This signature terse snare sound is a heavily gated and sharply attacked 606, 808, 909 or even 505 drum machine sound, or samples of it. It's mainly not even a real snare sound at all, it's just 1-3 channels of additive synth noise with various attack, decay, sustain and release profile and whatever filters/post FX and inserts, generally timed/filtered delay and reverb.

It's such an easy sound to make in a synth that a lot of producers don't even turn to the standard drum kits for that retro synth snare sound. You just go to whatever basic synth module with 3+ oscillators and ADSR stages and throw a gate on some noise and you've got a boss retro synth snare. Pitch it high and hissy for splashy, softbrush snare, and pitch it low and growly and overdriven for something harder and more metal, or somewhere in between for R&B.

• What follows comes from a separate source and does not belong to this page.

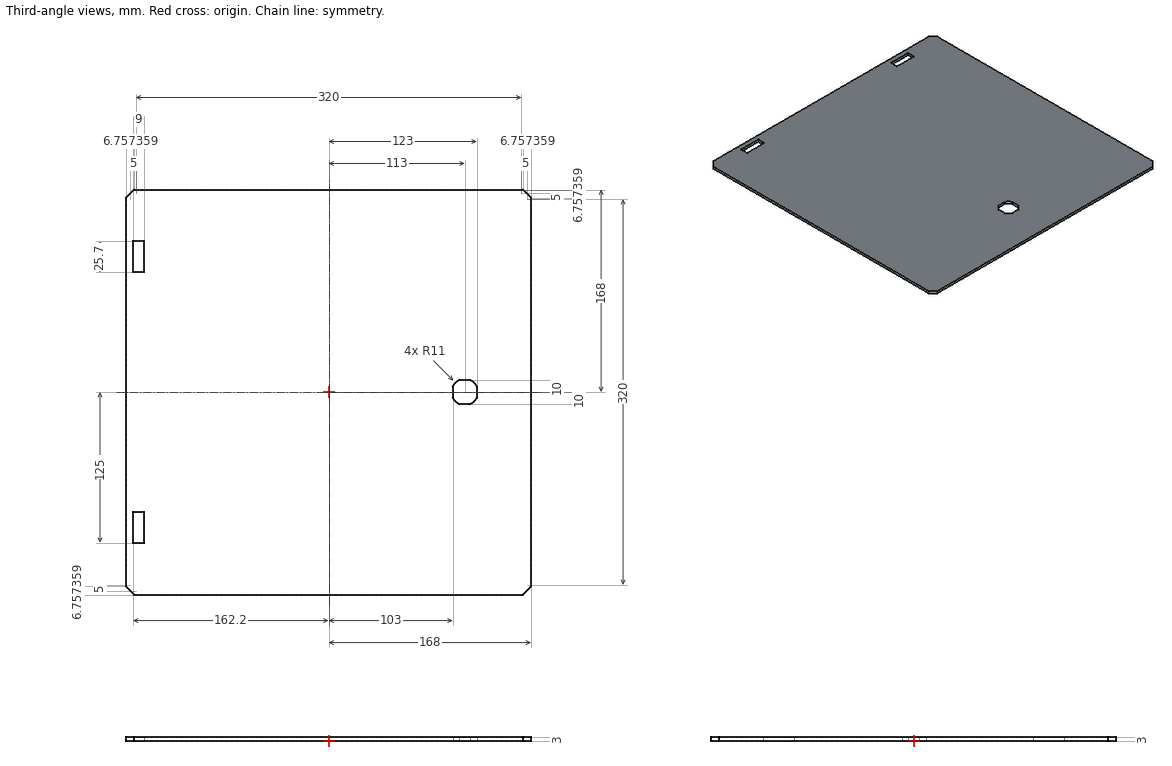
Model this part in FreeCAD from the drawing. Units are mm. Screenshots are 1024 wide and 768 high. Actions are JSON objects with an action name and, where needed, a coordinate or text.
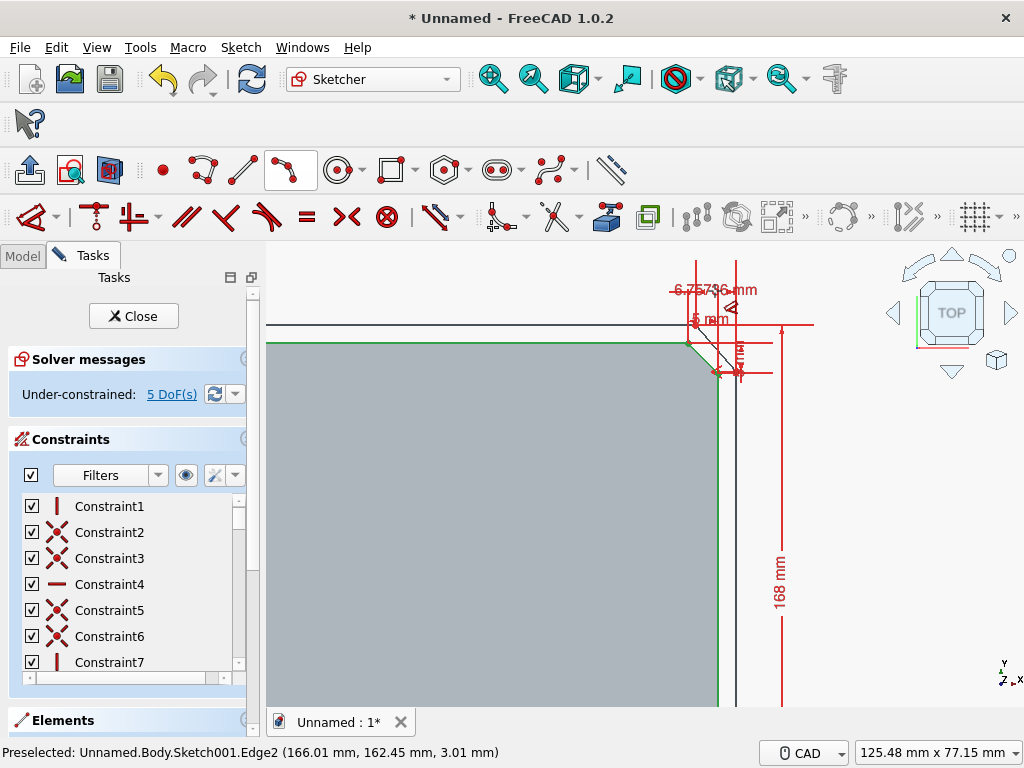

This sound has been used so much 'cause it cuts through basically everything. You can throw it in the middle of heavy subbass rolls or lines, right next to hand claps, in a big mess of pianos and you'll rarely need to side chain it or duck it with compression to get it to cut through just about every damn thing short of earbleed vocals or heavily overdriven guitars in the same pitch range.

That sharp attack and gated noise just punches through everything. Same reason why Phil Collins used it, too.

PS, if you like your hippity hop more on the Deltron and TCQ tip, your keywords of the day are: "Jonwayne Is Retired"
posted by loquacious at 7:58 PM on February 5, 2018 [24 favorites]


Early 90s hip hop was some optimistic shit. All it was missing was some New Jack Swing.

One of the things I remember most from growing up in that period was the kind of United Colors of Benetton optimism and I'm surprised it doesn't play a bigger role in nostalgic media today
posted by Ray Walston, Luck Dragon at 9:08 PM on February 5, 2018 [5 favorites]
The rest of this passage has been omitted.